- REQUIRED ACTION -
Could you return only the lines that run from the line with "Rendered at 1241 by 1754 pixels." through the final line of the data, exactly as they stand?
***** DATA EXCERPTS *****
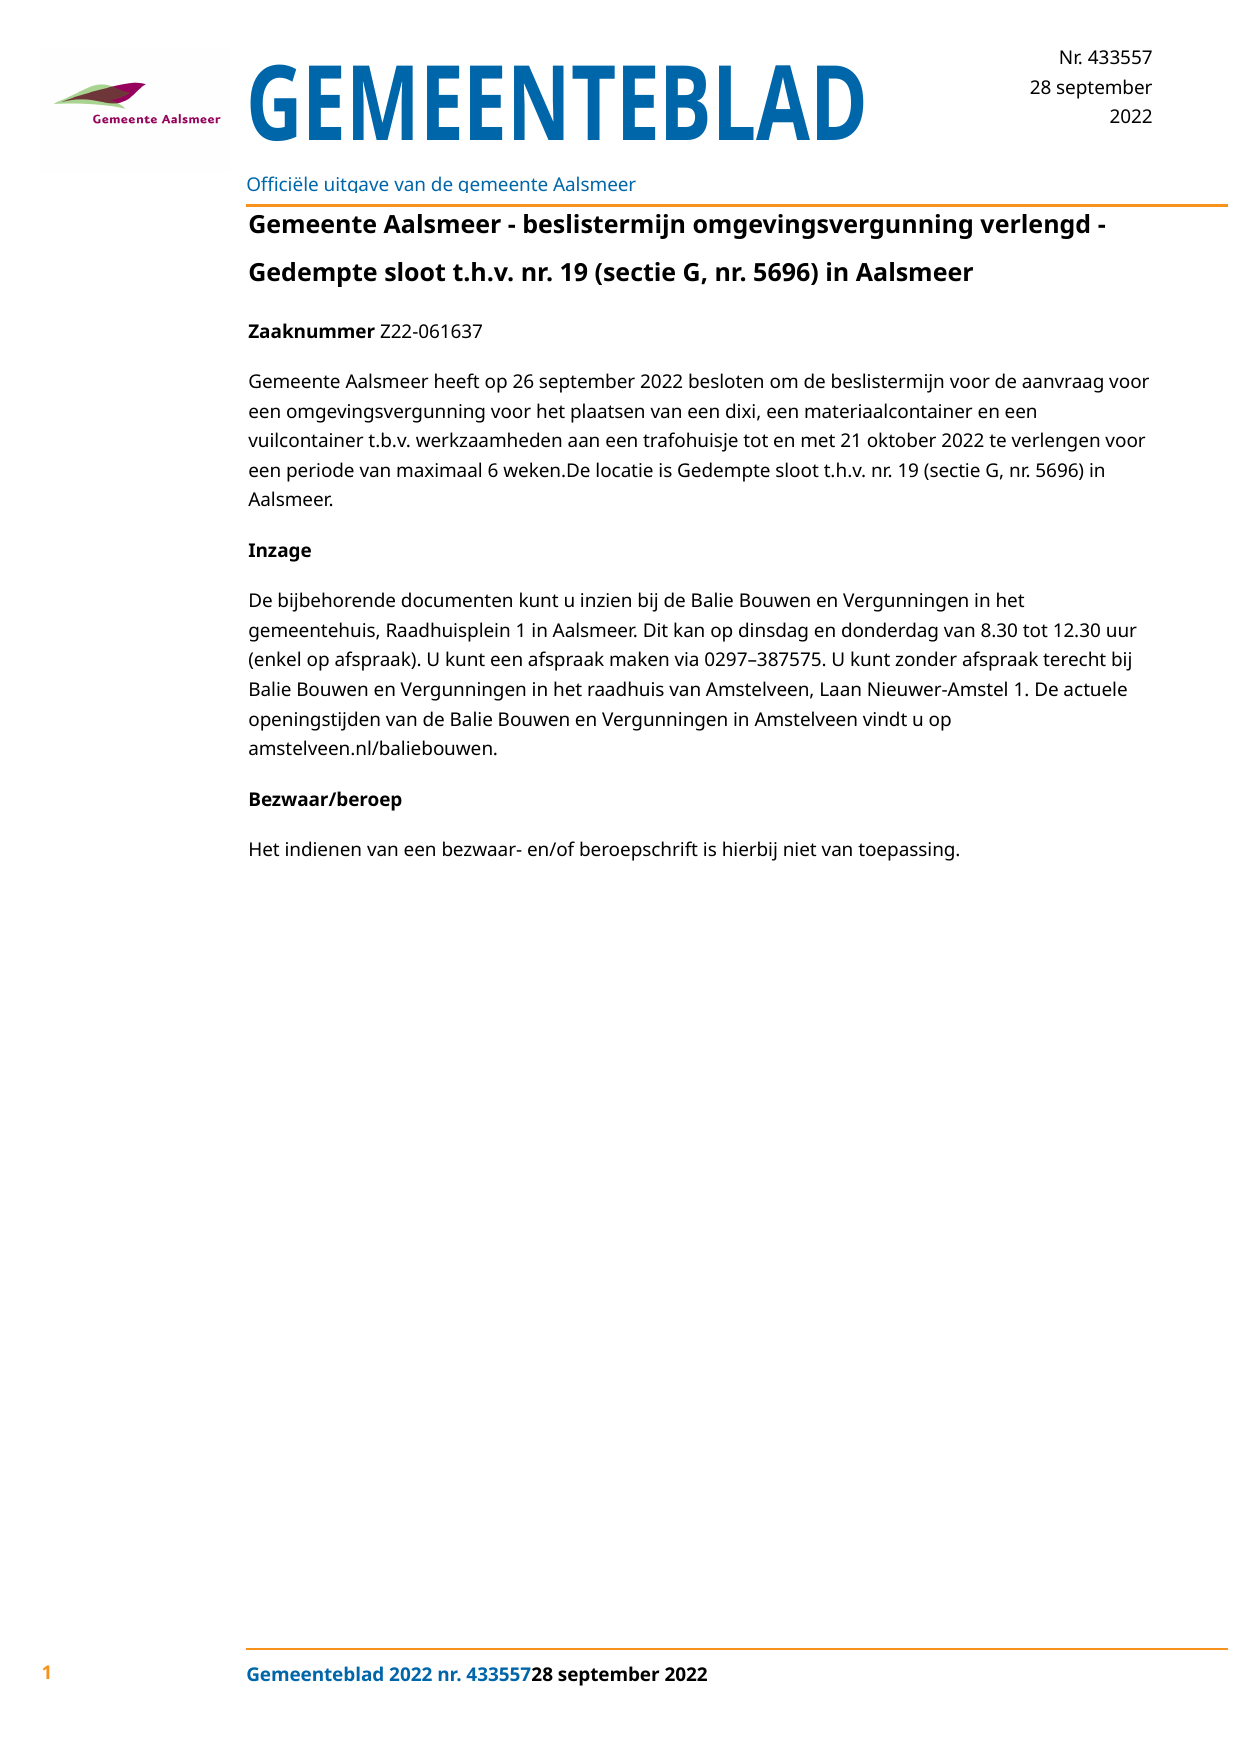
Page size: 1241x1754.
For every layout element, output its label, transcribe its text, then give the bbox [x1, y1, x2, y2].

text Zaaknummer Z22-061637 [248, 318, 1152, 344]
text Gemeente Aalsmeer heeft op 26 september 2022 besloten om de beslistermijn voor de aanvraag voor een omgevingsvergunning voor het plaatsen van een dixi, een materiaalcontainer en een vuilcontainer t.b.v. werkzaamheden aan een trafohuisje tot en met 21 oktober 2022 te verlengen voor een periode van maximaal 6 weken.De locatie is Gedempte sloot t.h.v. nr. 19 (sectie G, nr. 5696) in Aalsmeer. [248, 368, 1152, 512]
text Inzage [248, 537, 1152, 563]
text De bijbehorende documenten kunt u inzien bij de Balie Bouwen en Vergunningen in het gemeentehuis, Raadhuisplein 1 in Aalsmeer. Dit kan op dinsdag en donderdag van 8.30 tot 12.30 uur (enkel op afspraak). U kunt een afspraak maken via 0297–387575. U kunt zonder afspraak terecht bij Balie Bouwen en Vergunningen in het raadhuis van Amstelveen, Laan Nieuwer-Amstel 1. De actuele openingstijden van de Balie Bouwen en Vergunningen in Amstelveen vindt u op amstelveen.nl/baliebouwen. [248, 587, 1152, 761]
picture [41, 47, 231, 172]
text Bezwaar/beroep [248, 786, 1152, 812]
text Gemeente Aalsmeer - beslistermijn omgevingsvergunning verlengd - Gedempte sloot t.h.v. nr. 19 (sectie G, nr. 5696) in Aalsmeer [248, 207, 1152, 288]
text Het indienen van een bezwaar- en/of beroepschrift is hierbij niet van toepassing. [248, 836, 1152, 862]
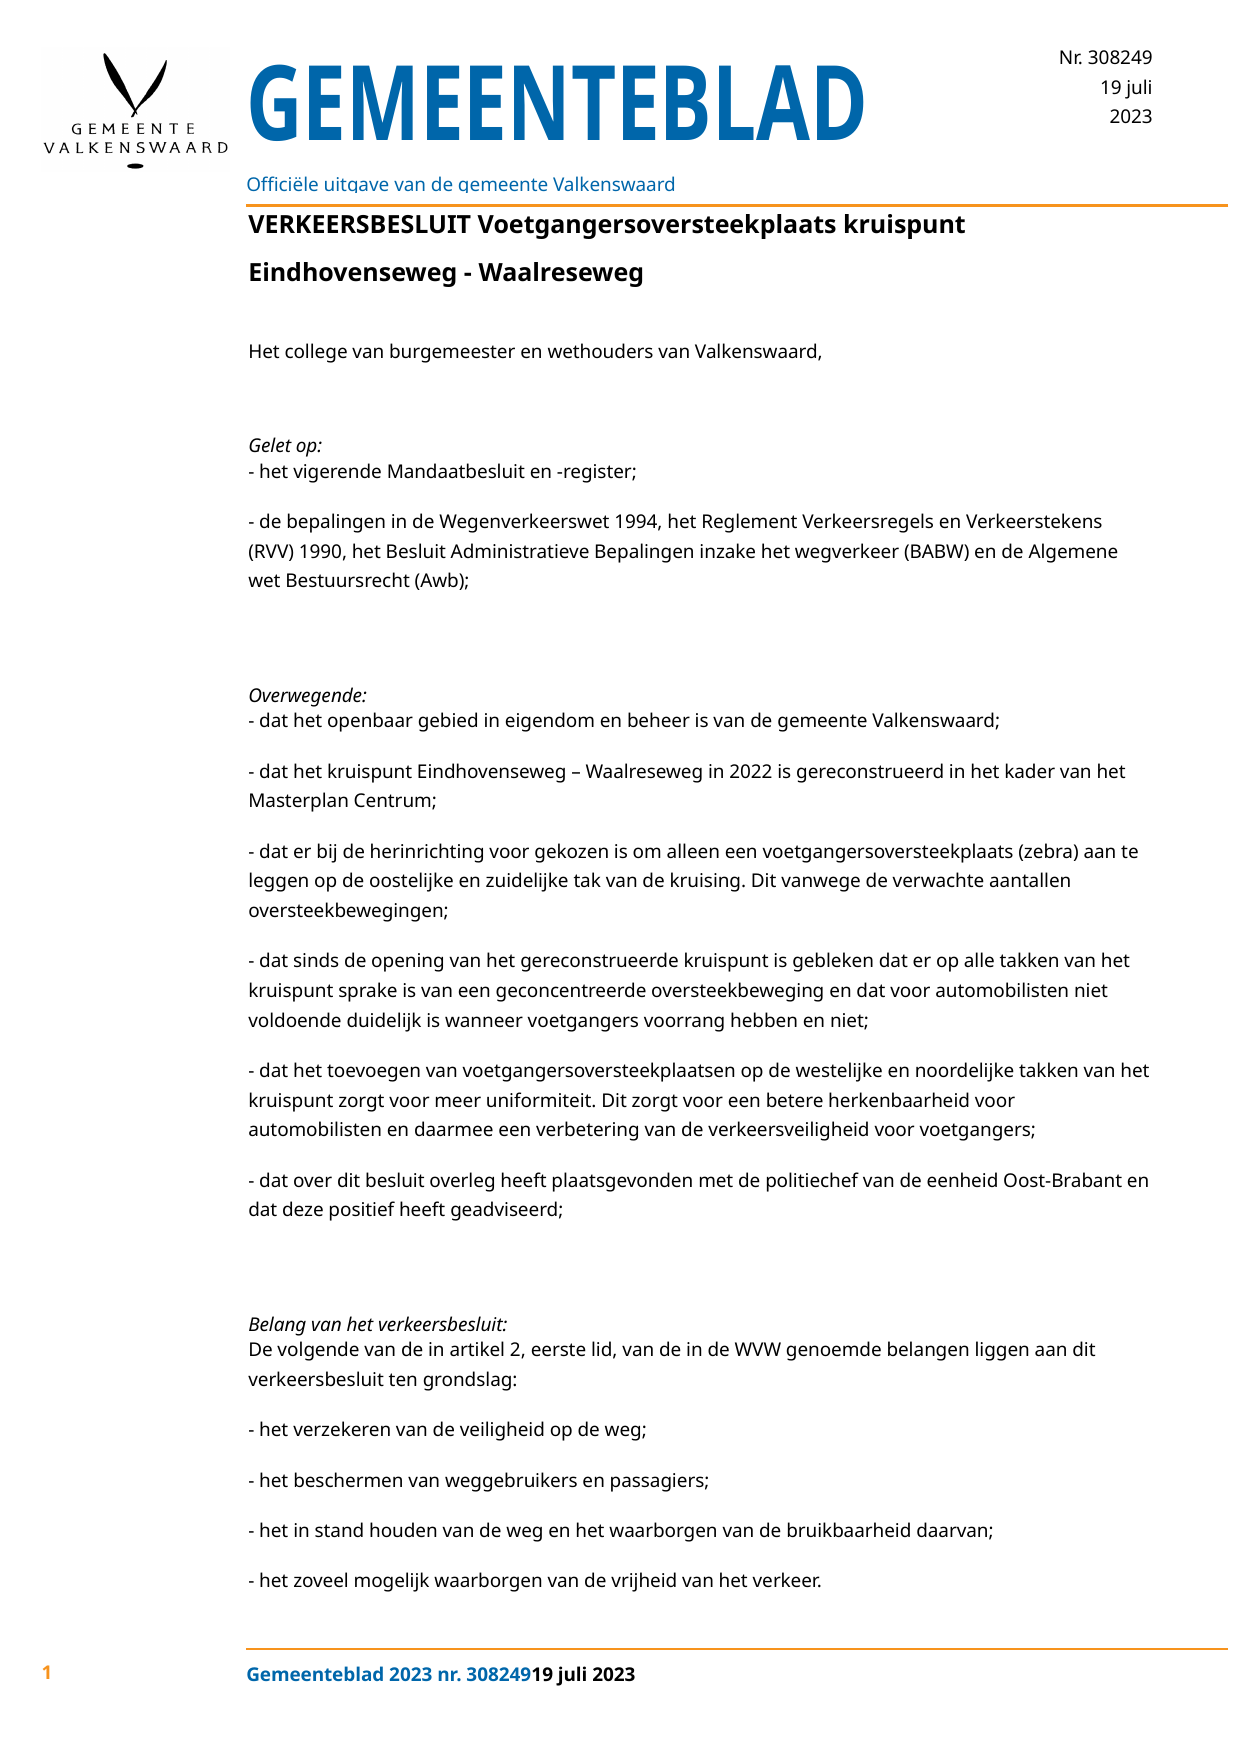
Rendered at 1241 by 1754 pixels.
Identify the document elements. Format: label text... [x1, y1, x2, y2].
*****
- SOLUTION TO THE PROBLEM -
Rendered at 1241 by 1754 pixels.
Identify the document elements. Format: label text... [x1, y1, x2, y2].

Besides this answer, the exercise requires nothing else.